Si mon moi de vingt ans me rencontrait, il me mépriserait. Il ne comprendrait pas ces choses que je fais pour prendre soin de moi. Une partie de mes difficultés à être pleinement joyeux viennent de ce que je crois devoir rester fidèle à toutes les versions de moi qui ont existé.
Il y a quelque chose qui reste, comme une essence, un noyau qui ne bouge pas. Cette capacité à me percevoir. « Je ». Cette première personne, qui agit et dit son action. Mais tout le reste change. Le corps change, les besoins changent, les aspirations changent, les désirs, les plaisirs, les peines, les résistances, tout change.
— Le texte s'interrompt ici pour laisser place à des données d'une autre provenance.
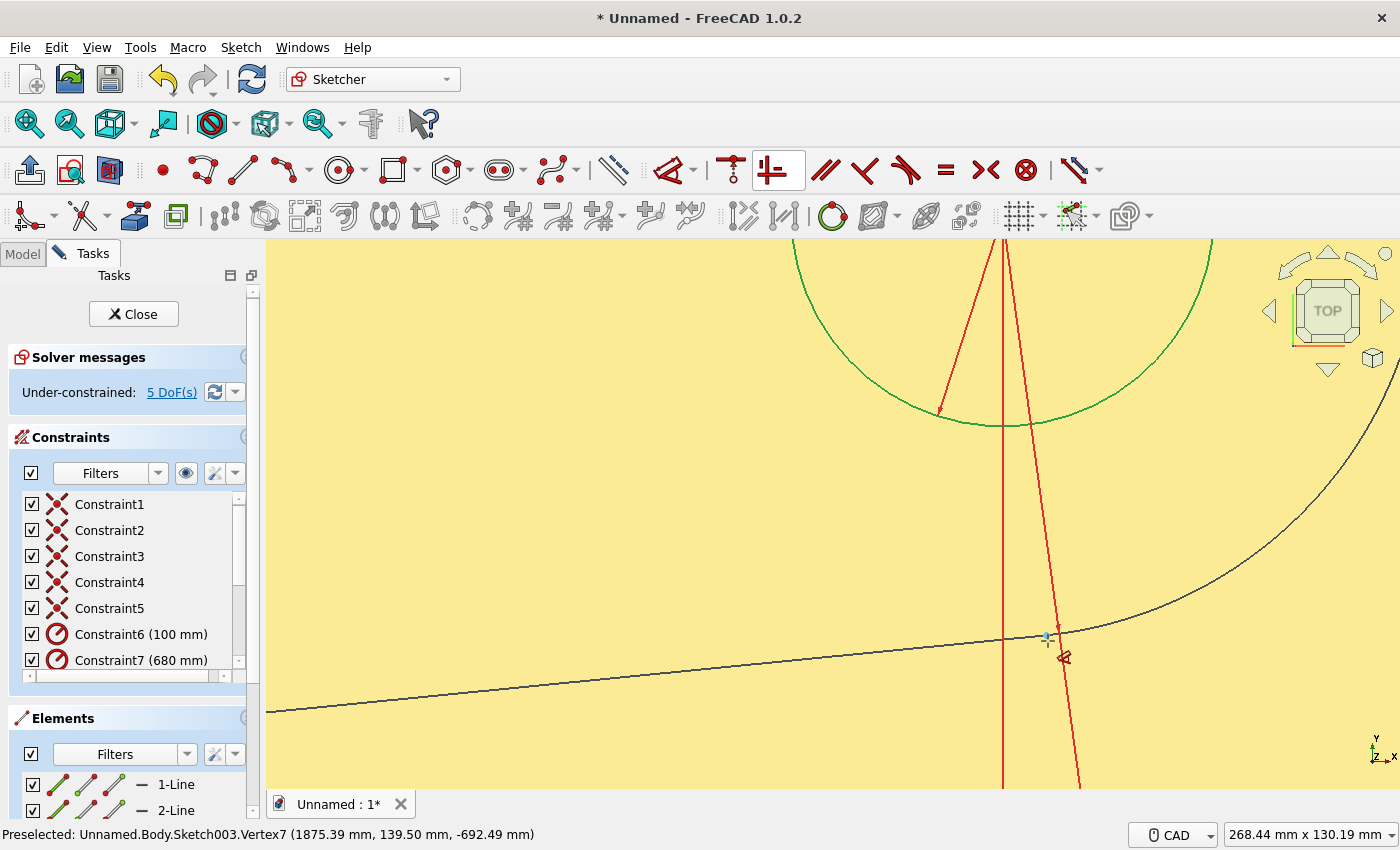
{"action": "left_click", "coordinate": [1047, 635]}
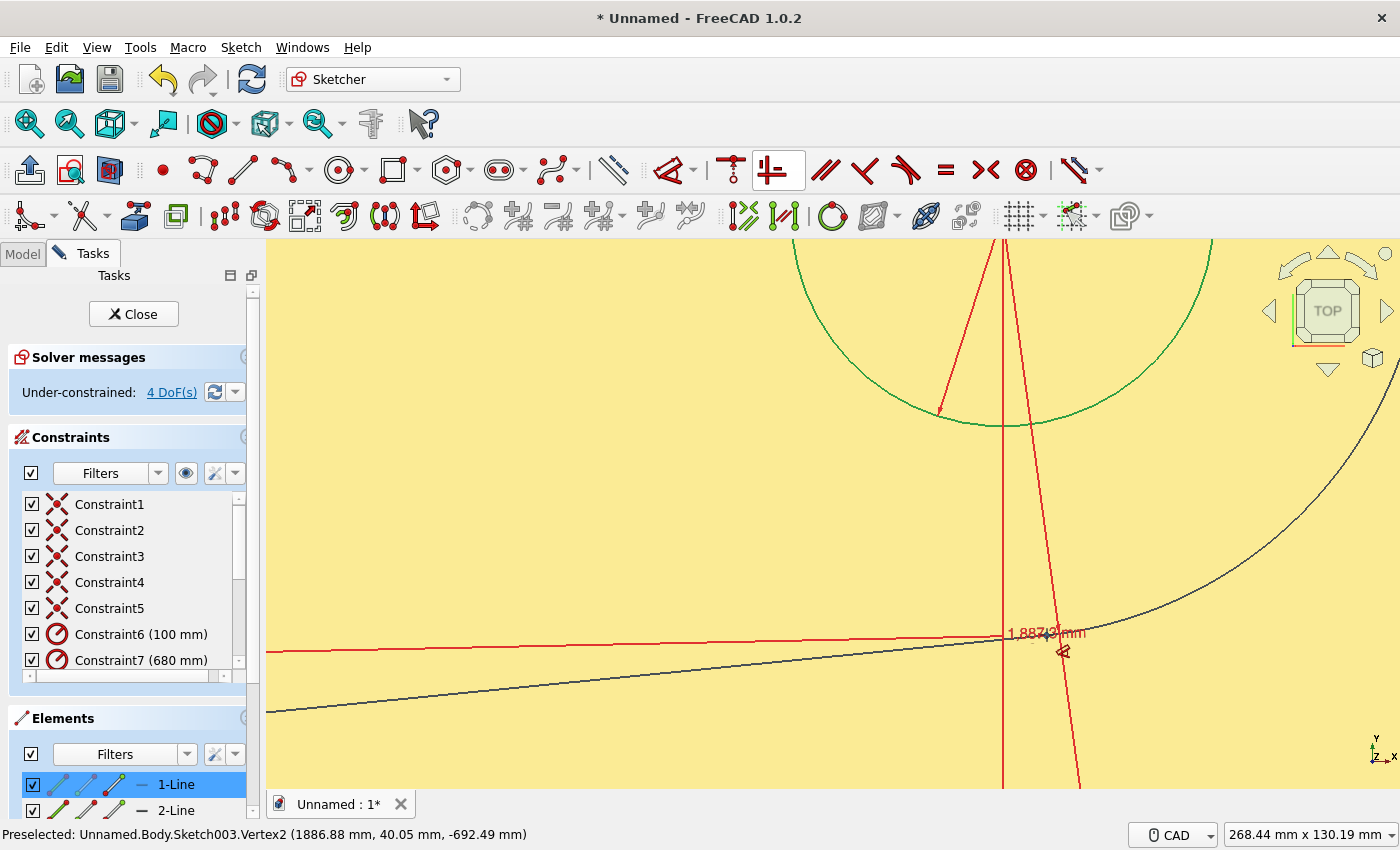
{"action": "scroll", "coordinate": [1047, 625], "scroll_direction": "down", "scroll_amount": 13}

Alors pourquoi cette loyauté ? Je me sens reconnaissant pour le chemin parcouru, pour chaque étape, chaque apprentissage des différents âges de ma vie mais si j’ai envie d’aller voir un match de hockey, si ça me fait plaisir, quel droit le petit con que j’étais à vingt ans, qui portait des jugements à l’emporte pièce a-t-il de ternir mon plaisir ?
Aucun.
Si le bébé que j’étais n’avait pas envie de voir le jour, quel droit a-t-il de m’empêcher de vouloir jouir de ma vie aujourd’hui ? Aucun.
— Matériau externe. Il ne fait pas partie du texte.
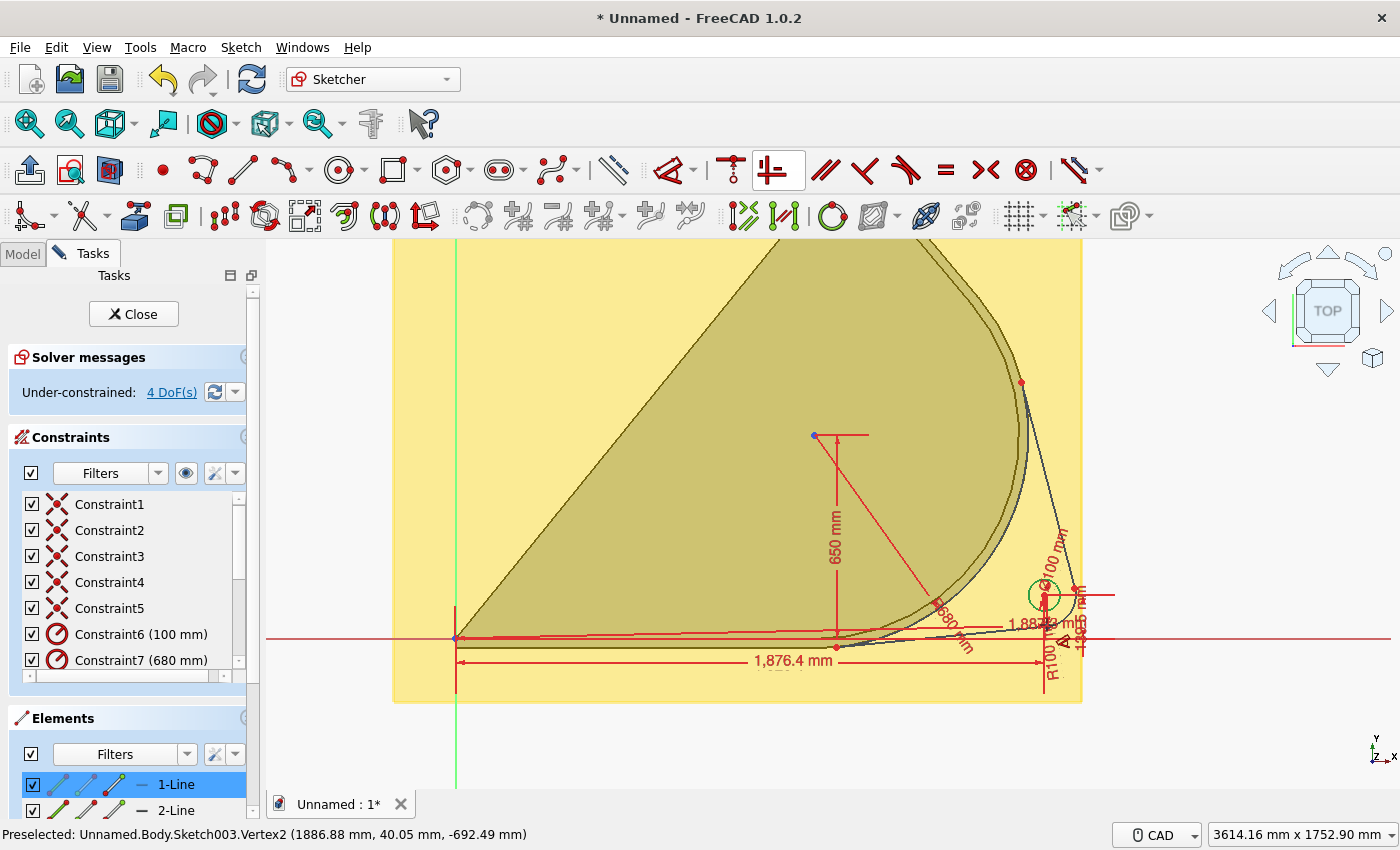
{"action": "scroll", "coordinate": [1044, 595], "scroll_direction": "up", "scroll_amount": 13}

Le problème, c’est que je traîne ces versions de moi comme des livres jaunissants dans le sac à dos de mon passé. J’ai tellement l’habitude de les porter que j’oublie leur présence. Mais le poids est réel sur mes épaules, il ralentit ma progression, il alourdit mes pas et fatigue mon âme.
Alors faire le tri. Regarder chaque tome, en tourner les pages, sourire ou grincer des dents à l’évocation des souvenirs qu’elles contiennent. Puis déposer le livre sur le coin de la route, avec un merci. Et déposer le suivant. Et le suivant. Jusqu’à ce que le sac soit vide. Abandonner le sac, aussi.
Je suis la somme de mes expériences et je suis aussi plus que ça. Plus large. Plus vivant. Je vibre plus fort.
C’est donc ça, intégrer ses vécus : savoir laisser à leur place les expériences du passé pour livrer l’espace à l’expression du présent.